Researchers found that SQL does not provide an effective way to integrate probabilistic AI models, while approaches that use probabilistic models to make inferences do not support complex database queries.
They built GenSQL to fill this gap, allowing you to query both datasets and probabilistic models using a simple, yet powerful, formal programming language.
GenSQL users upload their data and probabilistic models, and the system automatically integrates them. She can then run queries on the data that feeds the probabilistic models that run in the background. This allows for more complex queries and more accurate answers.
For example, a query in GenSQL might be something like, “How likely is it that a developer in Seattle knows the programming language Rust?” If you only look at correlations between columns in your database, you might miss subtle dependencies. Incorporating probabilistic models can capture more complex interactions.
Moreover, the probabilistic models that GenSQL utilizes are auditable, so people can see what data the models use to make decisions. Furthermore, these models provide a measure of calibrated uncertainty along with each answer.
For example, if you apply this adjusted uncertainty to query the model for prediction outcomes for various cancer treatments for patients with underrepresented ethnicities in your dataset, GenSQL will tell you that the results are uncertain and how uncertain they are, rather than overly confidently advocating for the wrong treatment.

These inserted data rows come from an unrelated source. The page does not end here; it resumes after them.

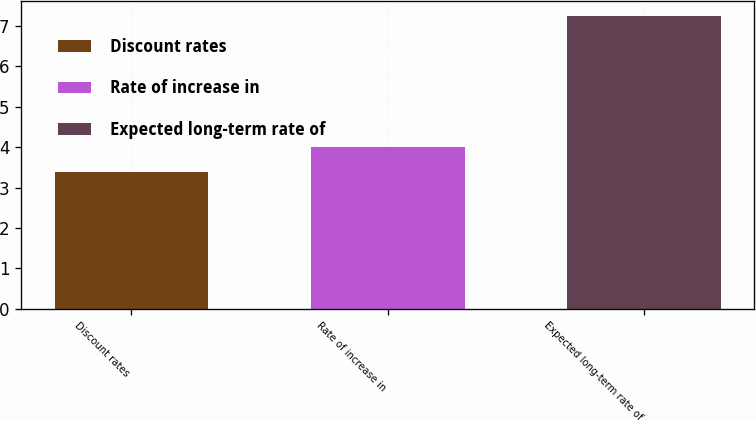Convert chart. <chart><loc_0><loc_0><loc_500><loc_500><bar_chart><fcel>Discount rates<fcel>Rate of increase in<fcel>Expected long-term rate of<nl><fcel>3.39<fcel>4<fcel>7.25<nl></chart> 
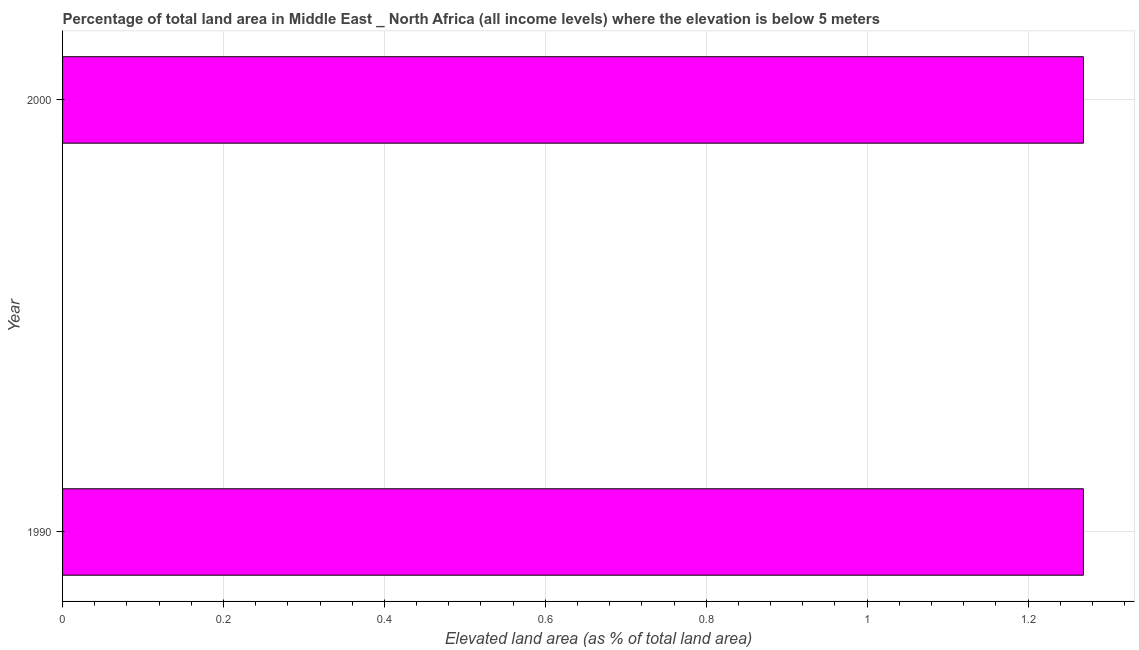What is the title of the graph?
Give a very brief answer. Percentage of total land area in Middle East _ North Africa (all income levels) where the elevation is below 5 meters. What is the label or title of the X-axis?
Provide a succinct answer. Elevated land area (as % of total land area). What is the total elevated land area in 1990?
Give a very brief answer. 1.27. Across all years, what is the maximum total elevated land area?
Your answer should be very brief. 1.27. Across all years, what is the minimum total elevated land area?
Your response must be concise. 1.27. In which year was the total elevated land area maximum?
Offer a terse response. 2000. What is the sum of the total elevated land area?
Ensure brevity in your answer.  2.54. What is the average total elevated land area per year?
Keep it short and to the point. 1.27. What is the median total elevated land area?
Keep it short and to the point. 1.27. In how many years, is the total elevated land area greater than 0.2 %?
Ensure brevity in your answer.  2. Do a majority of the years between 1990 and 2000 (inclusive) have total elevated land area greater than 0.76 %?
Offer a very short reply. Yes. What is the ratio of the total elevated land area in 1990 to that in 2000?
Provide a succinct answer. 1. In how many years, is the total elevated land area greater than the average total elevated land area taken over all years?
Give a very brief answer. 1. How many bars are there?
Your response must be concise. 2. Are all the bars in the graph horizontal?
Provide a succinct answer. Yes. Are the values on the major ticks of X-axis written in scientific E-notation?
Offer a very short reply. No. What is the Elevated land area (as % of total land area) of 1990?
Provide a short and direct response. 1.27. What is the Elevated land area (as % of total land area) of 2000?
Ensure brevity in your answer.  1.27. What is the difference between the Elevated land area (as % of total land area) in 1990 and 2000?
Offer a very short reply. -7e-5. What is the ratio of the Elevated land area (as % of total land area) in 1990 to that in 2000?
Your answer should be compact. 1.

Faster and more accurate results
To evaluate GenSQL, the researchers compared their system to popular baseline methods that use neural networks. GenSQL was 1.7 to 6.8 times faster than these approaches, executing most queries in milliseconds while providing more accurate results.

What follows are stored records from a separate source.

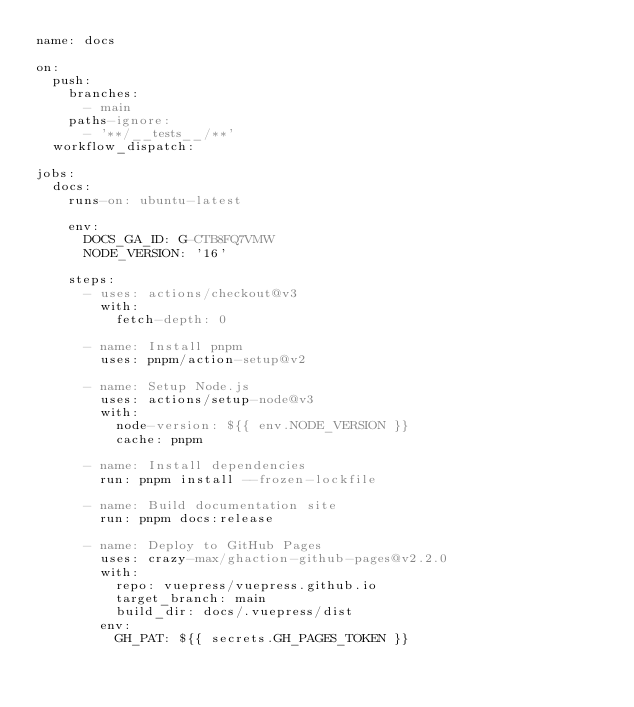<code> <loc_0><loc_0><loc_500><loc_500><_YAML_>name: docs

on:
  push:
    branches:
      - main
    paths-ignore:
      - '**/__tests__/**'
  workflow_dispatch:

jobs:
  docs:
    runs-on: ubuntu-latest

    env:
      DOCS_GA_ID: G-CTB8FQ7VMW
      NODE_VERSION: '16'

    steps:
      - uses: actions/checkout@v3
        with:
          fetch-depth: 0

      - name: Install pnpm
        uses: pnpm/action-setup@v2

      - name: Setup Node.js
        uses: actions/setup-node@v3
        with:
          node-version: ${{ env.NODE_VERSION }}
          cache: pnpm

      - name: Install dependencies
        run: pnpm install --frozen-lockfile

      - name: Build documentation site
        run: pnpm docs:release

      - name: Deploy to GitHub Pages
        uses: crazy-max/ghaction-github-pages@v2.2.0
        with:
          repo: vuepress/vuepress.github.io
          target_branch: main
          build_dir: docs/.vuepress/dist
        env:
          GH_PAT: ${{ secrets.GH_PAGES_TOKEN }}
</code>

They also applied GenSQL to two case studies: one where the system identified mislabeled clinical trial data, and another where it generated accurate synthetic data that captured the complex relationships in genomics.
Next, researchers want to apply GenSQL more broadly to perform large-scale population modeling. GenSQL can be used to create synthetic data that can be used to draw inferences about things like health and income, while still controlling the information used in the analysis.
They also want to make GenSQL easier to use and more powerful by adding new optimizations and automation to the system. In the long term, the researchers want to enable users to make natural language queries in GenSQL. Their goal is to eventually develop AI experts like ChatGPT that use GenSQL queries to base their answers.
This research was supported in part by the Defense Advanced Research Projects Agency (DARPA), Google, and the Siegel Family Foundation.